Turkish lira drops to record lows after parliamentary elections

Obstacles for Turkey's economy
Obstacles for Turkey's economy

The Turkish lira hit a record low on Monday after Turkey's ruling party failed to win an overall majority in the country's parliamentary elections.

The lira fell to 2.81 against the U.S. dollar, about 5% weaker than Friday's close of 2.66. For much of last month, the lira had been hovering around 2.6, and has tumbled by about 20% against the dollar so far this year, making it one of the worst performing emerging market currencies. Stocks in Istanbul dropped nearly 6% in morning trading.

On Sunday, President Recep Tayyip Erdogan's Justice and Development Party (AKP) won about 41% of the vote, or 259 of the 550 seats up for grabs. The election marks a major shift in power -- for the first time since coming to power in 2002, the AKP Party no longer holds an outright majority, and will now likely need to form a coalition with other parties.
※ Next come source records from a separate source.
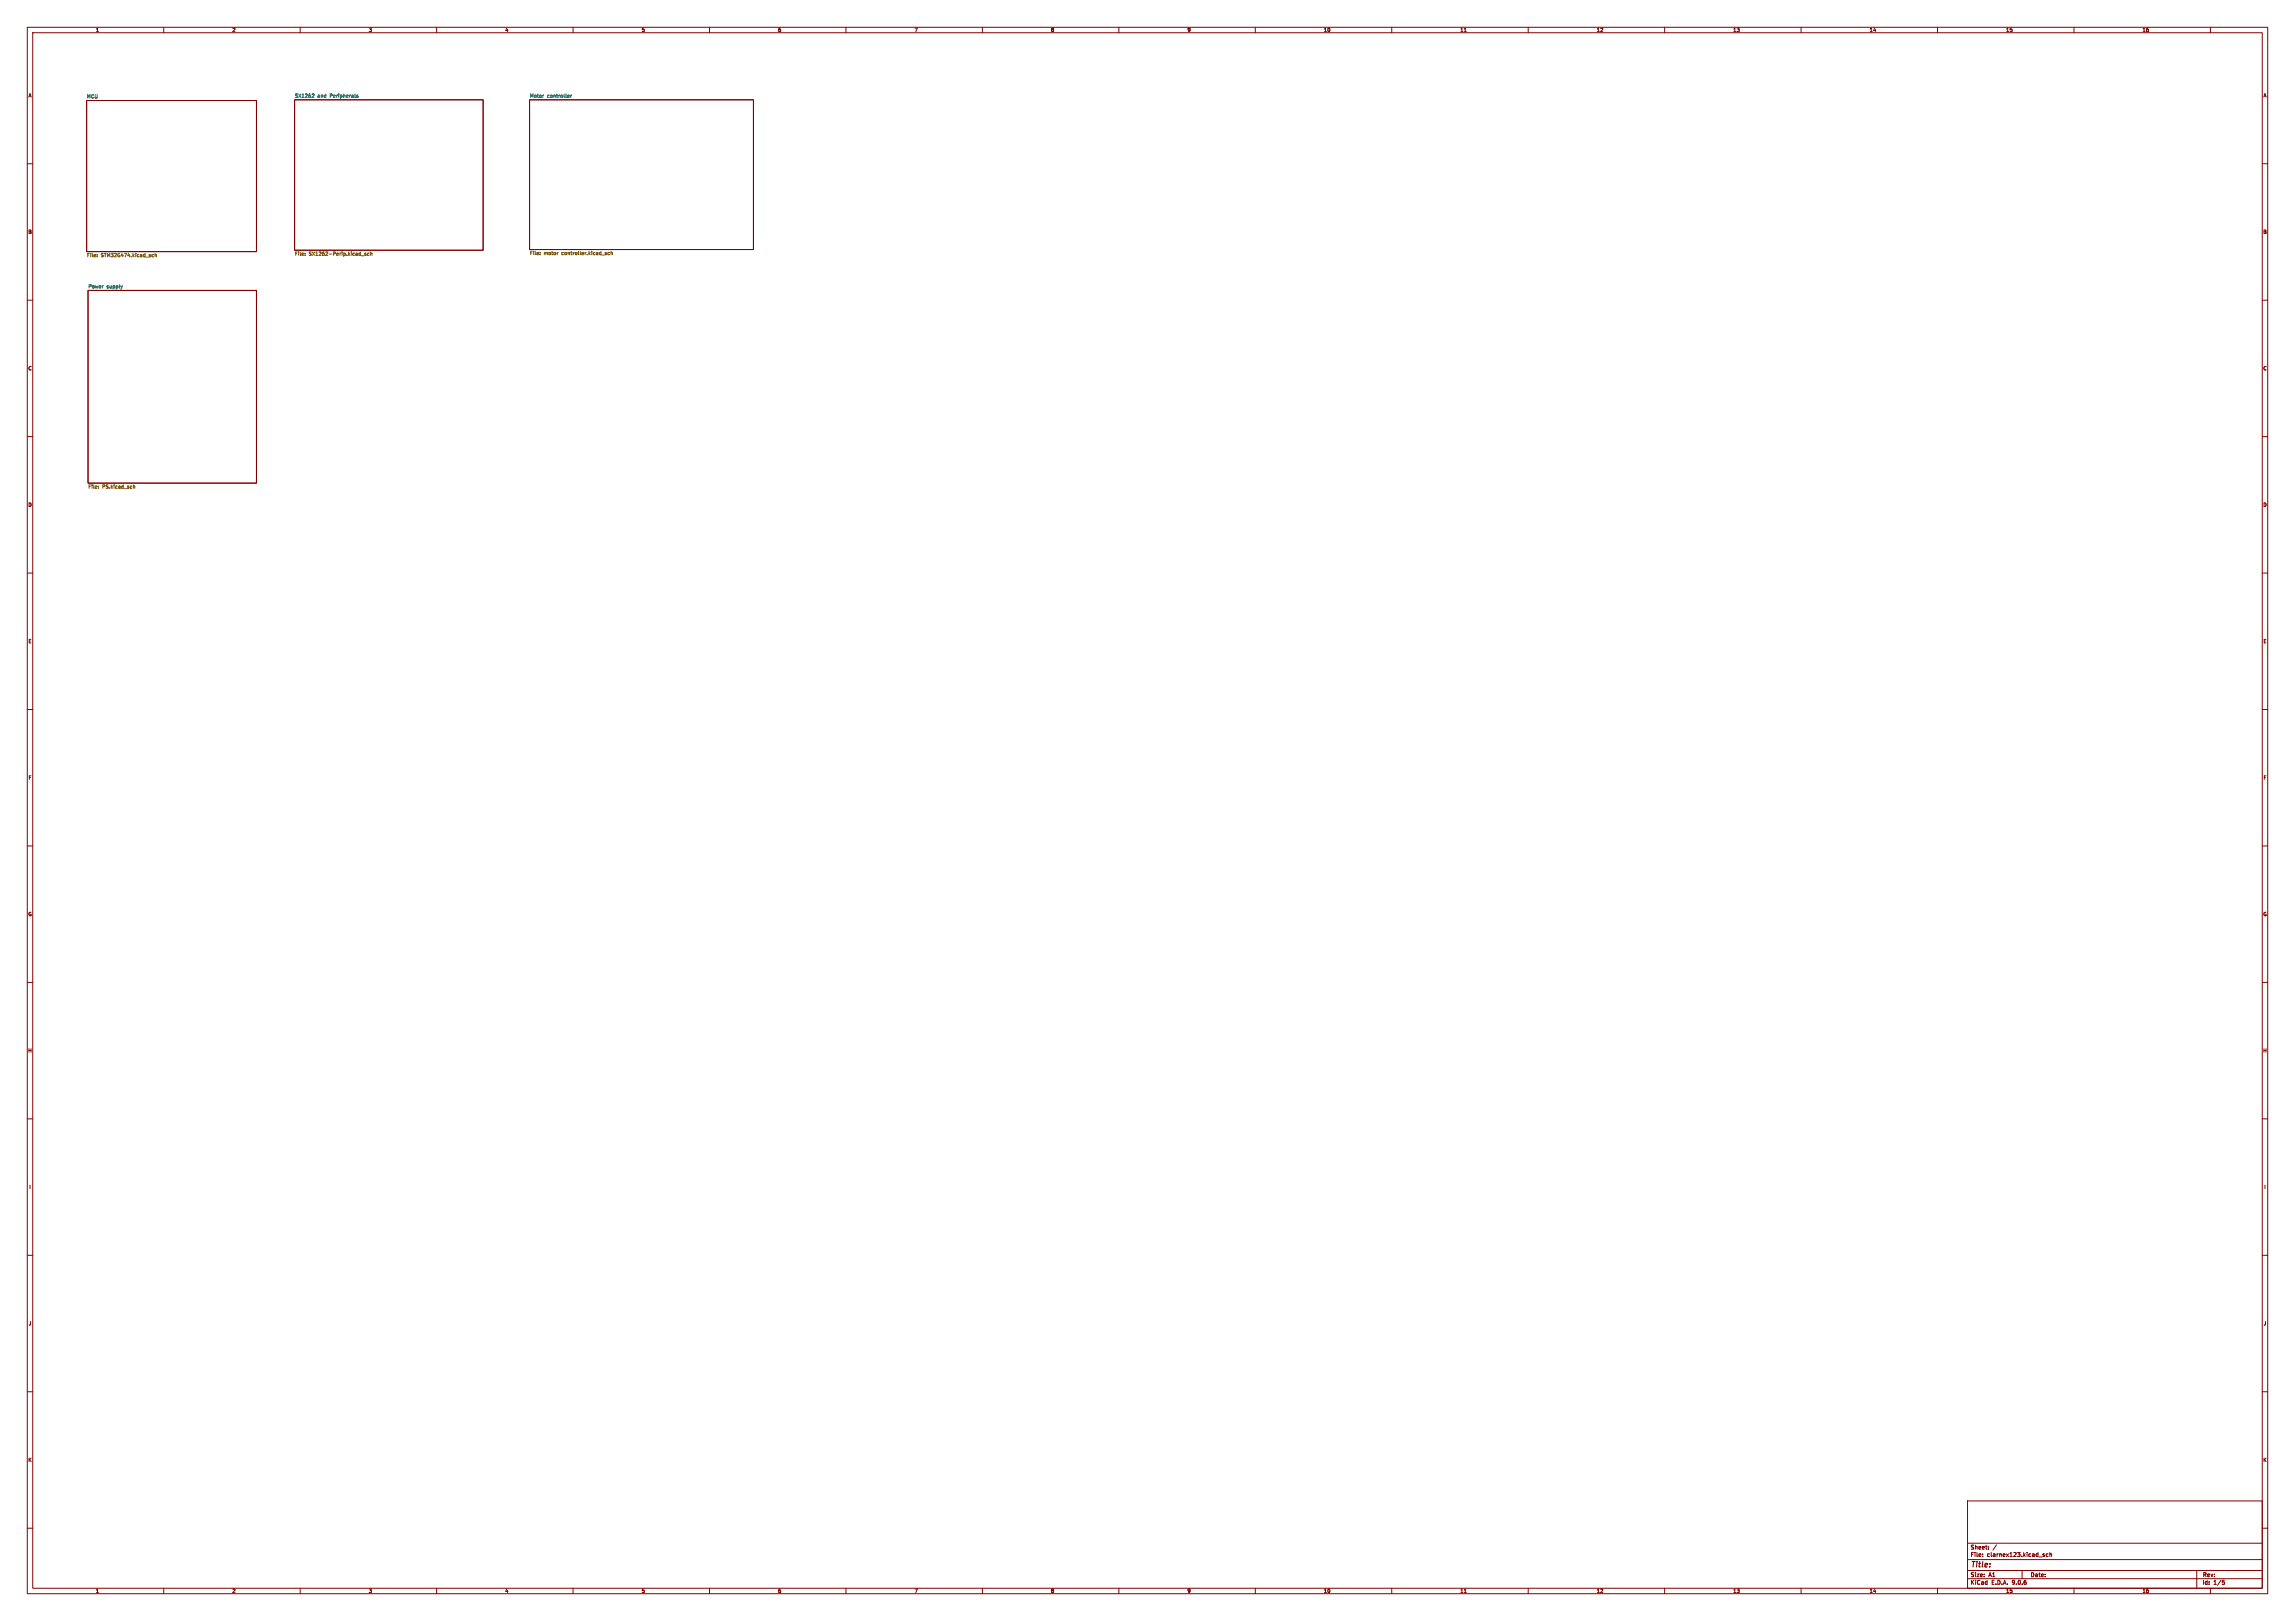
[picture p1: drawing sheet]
<svg xmlns="http://www.w3.org/2000/svg" width="841mm" height="594mm" viewBox="0 0 841 594" stroke-linecap="round" stroke-linejoin="round" font-family="sans-serif">
<defs><g id="words">
<text font-size="2.8" fill="#840000" x="722" y="574.9">Title:</text>
<g font-size="2.1" fill="#840000">
<text x="722" y="568">Sheet:</text>
<text x="722" y="570.7">File:</text>
<text x="728.1" y="570.7">clarnex123.kicad_sch</text>
<text x="722" y="580.9">KiCad</text>
<text x="722" y="578.1">Size:</text>
<text x="728.7" y="578.1">A1</text>
<text x="729.7" y="580.9">E.D.A.</text>
<text x="737.3" y="580.9">9.0.6</text>
<text x="744" y="578.1">Date:</text>
<text x="807" y="578.3">Rev:</text>
<text x="807" y="580.9">Id:</text>
<text x="811.1" y="580.9">1/5</text>
</g>
<g font-size="1.8" fill="#840000">
<text x="35" y="11.9">1</text>
<text x="85" y="11.9">2</text>
<text x="135" y="11.9">3</text>
<text x="185" y="11.9">4</text>
<text x="235" y="11.9">5</text>
<text x="285" y="11.9">6</text>
<text x="335" y="11.9">7</text>
<text x="385" y="11.9">8</text>
<text x="435" y="11.9">9</text>
<text x="485" y="11.9">10</text>
<text x="535" y="11.9">11</text>
<text x="585" y="11.9">12</text>
<text x="635" y="11.9">13</text>
<text x="685" y="11.9">14</text>
<text x="735" y="11.9">15</text>
<text x="785" y="11.9">16</text>
<text x="10.3" y="35.9">A</text>
<text x="829.3" y="35.9">A</text>
<text x="10.3" y="85.9">B</text>
<text x="829.2" y="85.9">B</text>
<text x="10.3" y="135.9">C</text>
<text x="829.2" y="135.9">C</text>
<text x="10.3" y="185.9">D</text>
<text x="829.2" y="185.9">D</text>
<text x="10.3" y="235.9">E</text>
<text x="829.3" y="235.9">E</text>
<text x="10.3" y="285.9">F</text>
<text x="829.3" y="285.9">F</text>
<text x="10.3" y="335.9">G</text>
<text x="829.2" y="335.9">G</text>
<text x="10.2" y="385.9">H</text>
<text x="829.2" y="385.9">H</text>
<text x="10.6" y="435.9">I</text>
<text x="829.6" y="435.9">I</text>
<text x="10.4" y="485.9">J</text>
<text x="829.4" y="485.9">J</text>
<text x="10.3" y="535.9">K</text>
<text x="829.2" y="535.9">K</text>
<text x="35" y="583.9">1</text>
<text x="85" y="583.9">2</text>
<text x="135" y="583.9">3</text>
<text x="185" y="583.9">4</text>
<text x="235" y="583.9">5</text>
<text x="285" y="583.9">6</text>
<text x="335" y="583.9">7</text>
<text x="385" y="583.9">8</text>
<text x="435" y="583.9">9</text>
<text x="485" y="583.9">10</text>
<text x="535" y="583.9">11</text>
<text x="585" y="583.9">12</text>
<text x="635" y="583.9">13</text>
<text x="685" y="583.9">14</text>
<text x="735" y="583.9">15</text>
<text x="785" y="583.9">16</text>
</g>
<g font-size="1.8" fill="#006464">
<text x="107.9" y="35.9">SX1262</text>
<text x="116.4" y="35.9">and</text>
<text x="121" y="35.9">Peripherals</text>
<text x="194.1" y="35.9">Motor</text>
<text x="200.5" y="35.9">controller</text>
<text x="31.7" y="36.1">MCU</text>
<text x="32.3" y="105.7">Power</text>
<text x="39.1" y="105.7">supply</text>
</g>
<g font-size="1.8" fill="#725600">
<text x="31.7" y="94.5">File:</text>
<text x="37" y="94.5">STM32G474.kicad_sch</text>
<text x="107.9" y="94">File:</text>
<text x="113.2" y="94">SX1262-Perip.kicad_sch</text>
<text x="194.1" y="93.8">File:</text>
<text x="199.3" y="93.8">motor</text>
<text x="206" y="93.8">controller.kicad_sch</text>
<text x="32.3" y="179.3">File:</text>
<text x="37.5" y="179.3">PS.kicad_sch</text>
</g>
</g></defs>
<g fill="none" stroke="#840000" stroke-width=".37">
<path d="M10 10h821v574h-821zM12 12h817v570h-817zM60 10v2M110 10v2M160 10v2M210 10v2M260 10v2M310 10v2M360 10v2M410 10v2M460 10v2M510 10v2"/>
<path d="M536.6 11.6h.7M560 10v2M610 10v2M660 10v2M710 10v2M760 10v2M810 10v2M31.7 36.8h62.3v55.4h-62.3zM107.9 36.6h69.1v55.1h-69.1zM194.1 36.6h82v54.8h-82zM10 60h2M829 60h2"/>
<path d="M10 110h2M32.3 106.4h61.7v70.6h-61.7zM829 110h2M10 160h2M829 160h2M10 210h2M829 210h2M10 260h2M829 260h2M10 310h2M829 310h2M10 360h2"/>
<path d="M829 360h2M10 410h2M829 410h2M10 460h2M829 460h2M10 510h2M829 510h2M10 560h2M721 550h108v32h-108zM829 560h2M721 578.5h108M721 575.5h108"/>
<path d="M721 571.5h108M721 565.5h108M726.5 570.2h.1M726.5 570.2v.1M726.5 569.5v.1M728.7 567.5v.2M728.7 566.8v.1M731.6 566.1l-1.3 1.9M741 575.5v3M748.7 569.8l.5 .3-.5 .3M748.7 569.5h.5M750.5 569.5l-.4-.1-.3 .3 .2 .6h.5"/>
<path d="M751.2 569.5h.5l.1 .9M751.2 568.9v1.5M805 575.5v6.5M814.4 579.1h.7M814.5 579.7l.7 .2-.2 .6-.5 .1M60 582v2M110 582v2M160 582v2M210 582v2M260 582v2M310 582v2M360 582v2"/>
<path d="M410 582v2M460 582v2M510 582v2M536.6 583.6h.7M560 582v2M610 582v2M660 582v2M710 582v2M760 582v2M810 582v2"/>
</g>
<g fill="none" stroke="#725600" stroke-width=".37">
<path d="M35.6 94.1h.1M35.6 93.3h.1M35.6 93.3l.1 .1M35.7 94l-.1 .1M55.8 94h.5M55.8 93.3h.5M56.8 93.4l.5-.1 .1 .8M56.8 92.8v1.3M111.7 92.9h.1M111.8 93.5v.1M111.8 92.9h.1M132.4 93.7h1"/>
<path d="M134.1 92.8l-.5 .1 .5 .3v.3h-.5M135.3 92.8l-.6 .2 .1 .5h.5M135.8 92.9l.5-.1 .1 .8M135.8 92.3v1.3M197.9 93.2h.1M197.9 93.2l-.1 .1M197.9 92.6v.1M204.6 92.5l-.3 .1M221.9 92.5l.3 .1M221.9 92.9l.4 .3-.4 .1M223.4 92.6l-.6 .1 .1 .6h.5M223.9 92.6h.5l.1 .7"/>
<path d="M223.9 92.1v1.2M36.1 178.8v.1M36.1 178.2v.1M48.9 177.7v1.2M48.9 178.2h.5v.7"/>
</g>
<path d="M114.5 34.4l.4 .1 .2 .3-.8 .9h.8M131.2 34.9l-.5 .1 .5 .3v.3h-.5M199.2 34.9h.1M208.2 34.9l.4 .3-.6 .1M208.5 35.6l-.3 .1M209.2 34.9v.8M209.5 34.9l-.3 .2M44.9 104.7l-.3 .9" fill="none" stroke="#006464" stroke-width=".37"/>
<use href="#words"/>
</svg>

Erdogan continues to face an uphill battle with Turkey's economy, which is now posting dramatically slower growth compared to just a handful of years ago.

First quarter growth figures are due out Wednesday, and economists are expecting around 2% growth compared to last year, down from 2.6% gross domestic product growth in the last quarter of 2014. That's a far cry from the 9% increase Turkey posted in 2010.

Related: Biggest loser from the strong dollar: Emerging markets

Turkey is also fighting rising inflation -- last month, the central bank "hinted that it's more concerned about the inflation outlook than before," according to Capital Economics.

And more than 20% of its government debt is denominated in a foreign currency, according to Moody's -- that's a lot of foreign debt to pay off as the value of its own lira sinks.

Investors have sent Turkish stocks down by over 10% so far this year over growth and political concerns.

Experts say that going forward, Turkey will need painful, longer-term economic reforms, rather than temporary solutions, to shore up its economy.